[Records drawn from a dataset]

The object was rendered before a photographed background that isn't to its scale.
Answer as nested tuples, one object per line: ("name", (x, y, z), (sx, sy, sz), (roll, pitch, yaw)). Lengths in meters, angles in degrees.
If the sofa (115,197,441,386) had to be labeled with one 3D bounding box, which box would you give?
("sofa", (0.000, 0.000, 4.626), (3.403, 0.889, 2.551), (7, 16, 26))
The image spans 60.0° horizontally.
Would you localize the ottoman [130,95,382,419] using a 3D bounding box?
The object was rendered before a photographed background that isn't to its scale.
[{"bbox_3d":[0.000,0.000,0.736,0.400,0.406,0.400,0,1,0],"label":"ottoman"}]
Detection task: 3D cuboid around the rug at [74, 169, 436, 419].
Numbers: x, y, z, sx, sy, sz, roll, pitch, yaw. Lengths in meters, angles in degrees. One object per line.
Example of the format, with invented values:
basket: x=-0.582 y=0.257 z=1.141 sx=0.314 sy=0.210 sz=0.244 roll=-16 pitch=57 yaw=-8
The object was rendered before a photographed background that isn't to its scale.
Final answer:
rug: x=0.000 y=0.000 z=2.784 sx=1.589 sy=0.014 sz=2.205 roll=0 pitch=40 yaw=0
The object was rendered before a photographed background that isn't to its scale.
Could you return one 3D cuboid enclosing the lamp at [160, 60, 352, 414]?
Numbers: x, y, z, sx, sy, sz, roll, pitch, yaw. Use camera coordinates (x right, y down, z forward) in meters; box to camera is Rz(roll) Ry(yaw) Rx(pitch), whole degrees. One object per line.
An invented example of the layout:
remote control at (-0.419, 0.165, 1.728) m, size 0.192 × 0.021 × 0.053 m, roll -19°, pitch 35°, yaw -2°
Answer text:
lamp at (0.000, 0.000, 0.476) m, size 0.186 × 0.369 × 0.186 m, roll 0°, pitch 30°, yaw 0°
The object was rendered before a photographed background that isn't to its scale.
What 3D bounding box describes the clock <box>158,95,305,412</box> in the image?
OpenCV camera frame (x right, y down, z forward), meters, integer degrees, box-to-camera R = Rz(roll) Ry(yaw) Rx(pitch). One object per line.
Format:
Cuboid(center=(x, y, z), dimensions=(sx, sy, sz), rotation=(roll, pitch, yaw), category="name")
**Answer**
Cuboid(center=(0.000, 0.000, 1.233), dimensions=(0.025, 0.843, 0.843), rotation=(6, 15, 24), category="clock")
* * *
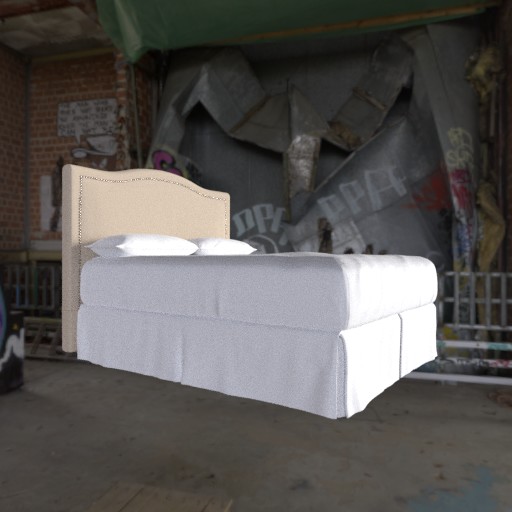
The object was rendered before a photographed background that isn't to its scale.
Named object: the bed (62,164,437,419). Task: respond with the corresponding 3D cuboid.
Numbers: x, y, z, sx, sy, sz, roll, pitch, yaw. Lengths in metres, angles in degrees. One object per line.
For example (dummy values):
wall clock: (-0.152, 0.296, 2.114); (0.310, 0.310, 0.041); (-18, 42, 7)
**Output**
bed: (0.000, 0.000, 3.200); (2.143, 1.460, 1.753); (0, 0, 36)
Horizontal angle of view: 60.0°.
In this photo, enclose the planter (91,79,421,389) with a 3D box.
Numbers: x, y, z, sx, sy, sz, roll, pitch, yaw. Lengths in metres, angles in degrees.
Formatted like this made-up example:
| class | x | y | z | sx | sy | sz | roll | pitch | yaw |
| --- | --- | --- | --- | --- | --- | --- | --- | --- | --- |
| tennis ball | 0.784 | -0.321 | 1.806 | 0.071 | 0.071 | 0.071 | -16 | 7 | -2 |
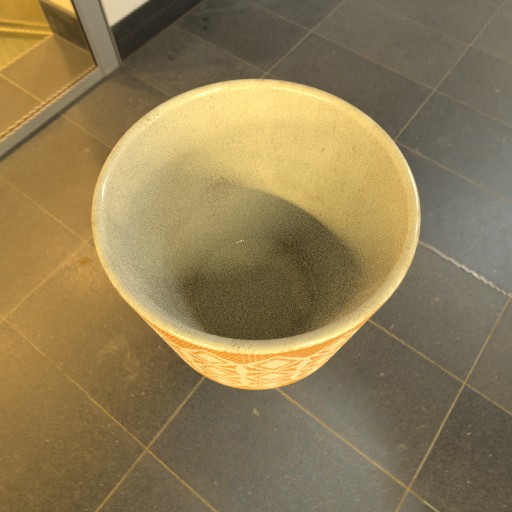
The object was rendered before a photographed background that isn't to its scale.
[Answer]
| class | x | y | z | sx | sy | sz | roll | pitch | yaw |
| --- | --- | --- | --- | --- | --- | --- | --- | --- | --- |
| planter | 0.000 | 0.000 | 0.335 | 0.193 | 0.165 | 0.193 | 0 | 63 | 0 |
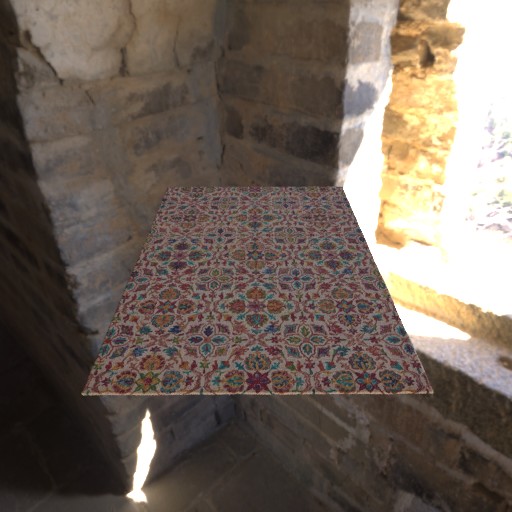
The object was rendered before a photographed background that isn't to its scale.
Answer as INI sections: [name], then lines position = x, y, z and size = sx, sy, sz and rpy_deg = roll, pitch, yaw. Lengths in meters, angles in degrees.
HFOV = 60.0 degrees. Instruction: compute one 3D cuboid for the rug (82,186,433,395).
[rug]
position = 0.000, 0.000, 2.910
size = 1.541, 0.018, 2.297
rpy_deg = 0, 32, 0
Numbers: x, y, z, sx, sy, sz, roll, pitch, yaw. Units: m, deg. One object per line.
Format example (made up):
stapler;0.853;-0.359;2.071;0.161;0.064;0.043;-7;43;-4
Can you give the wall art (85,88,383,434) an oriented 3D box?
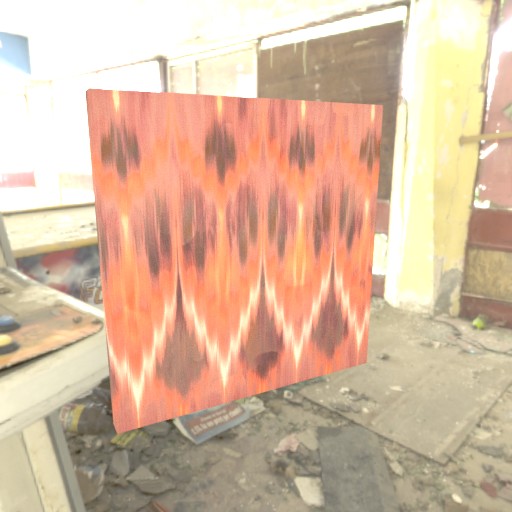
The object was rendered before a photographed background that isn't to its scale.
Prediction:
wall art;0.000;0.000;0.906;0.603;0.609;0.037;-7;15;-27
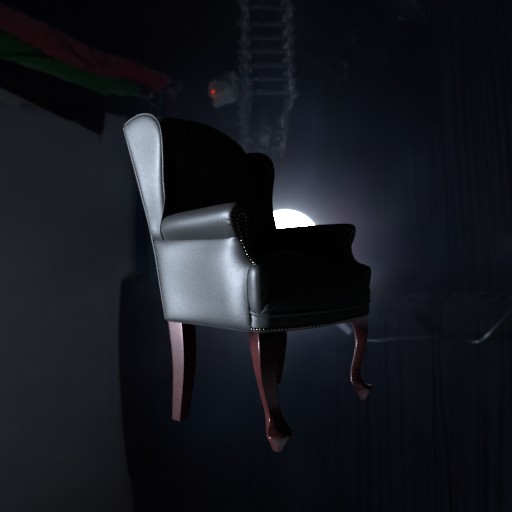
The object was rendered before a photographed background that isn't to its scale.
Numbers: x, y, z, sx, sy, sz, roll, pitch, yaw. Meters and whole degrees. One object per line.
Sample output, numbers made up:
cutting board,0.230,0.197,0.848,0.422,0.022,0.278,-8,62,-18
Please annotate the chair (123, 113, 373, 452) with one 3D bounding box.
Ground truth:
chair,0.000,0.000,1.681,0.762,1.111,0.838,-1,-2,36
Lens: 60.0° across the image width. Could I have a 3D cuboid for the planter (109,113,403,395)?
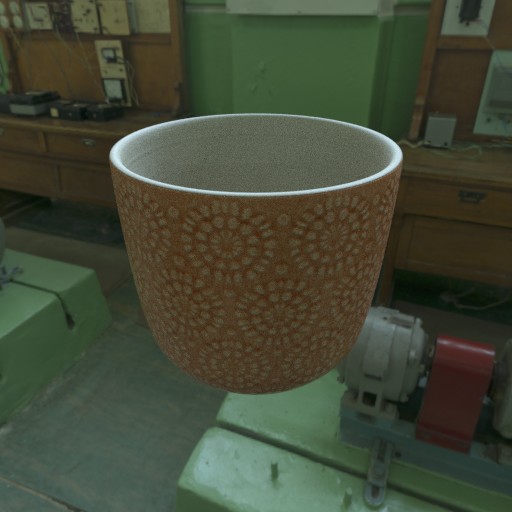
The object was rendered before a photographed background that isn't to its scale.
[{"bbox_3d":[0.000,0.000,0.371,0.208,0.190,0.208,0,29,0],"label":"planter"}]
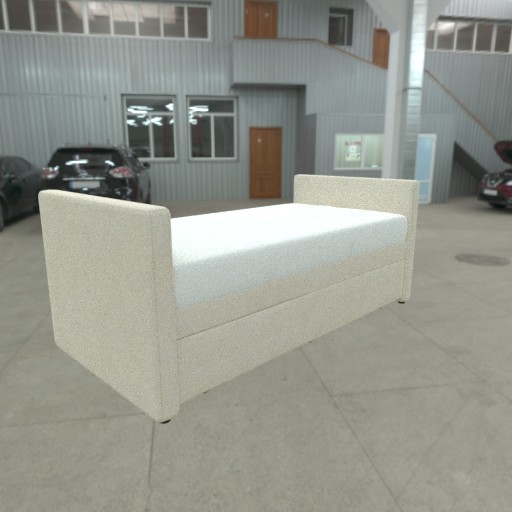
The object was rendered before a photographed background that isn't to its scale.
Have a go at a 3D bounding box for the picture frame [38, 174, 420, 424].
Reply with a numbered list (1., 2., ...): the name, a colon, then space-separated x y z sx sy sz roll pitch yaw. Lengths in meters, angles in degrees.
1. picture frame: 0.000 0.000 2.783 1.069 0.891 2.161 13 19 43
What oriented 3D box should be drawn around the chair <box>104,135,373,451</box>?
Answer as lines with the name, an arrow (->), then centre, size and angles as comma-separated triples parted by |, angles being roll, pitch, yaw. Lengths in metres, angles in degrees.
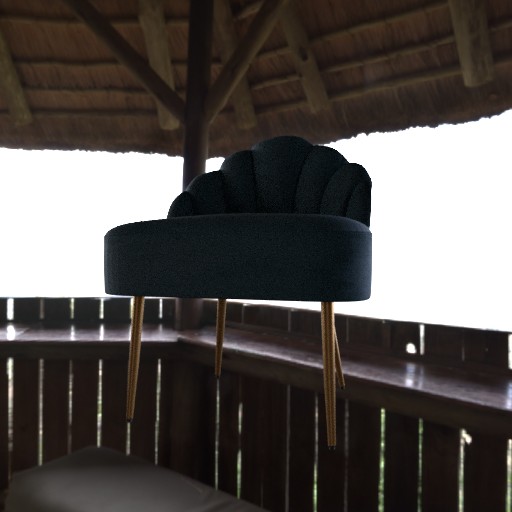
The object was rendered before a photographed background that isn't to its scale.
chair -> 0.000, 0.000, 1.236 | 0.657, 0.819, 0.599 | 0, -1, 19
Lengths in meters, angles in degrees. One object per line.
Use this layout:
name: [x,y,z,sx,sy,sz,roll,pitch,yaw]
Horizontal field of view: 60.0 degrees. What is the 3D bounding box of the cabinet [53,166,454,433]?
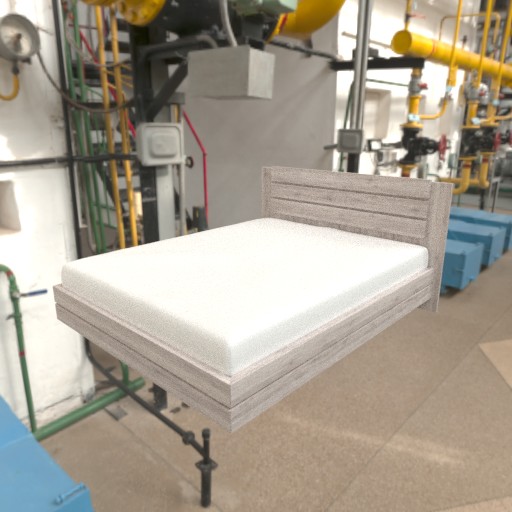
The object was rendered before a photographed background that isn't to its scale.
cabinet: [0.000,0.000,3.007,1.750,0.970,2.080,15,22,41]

:: Goal of the exercise ::
Please filter the entries for the word "layout" and copy the lines that have it.

:: Completed task ::
An invented example of the layout:
Use this layout:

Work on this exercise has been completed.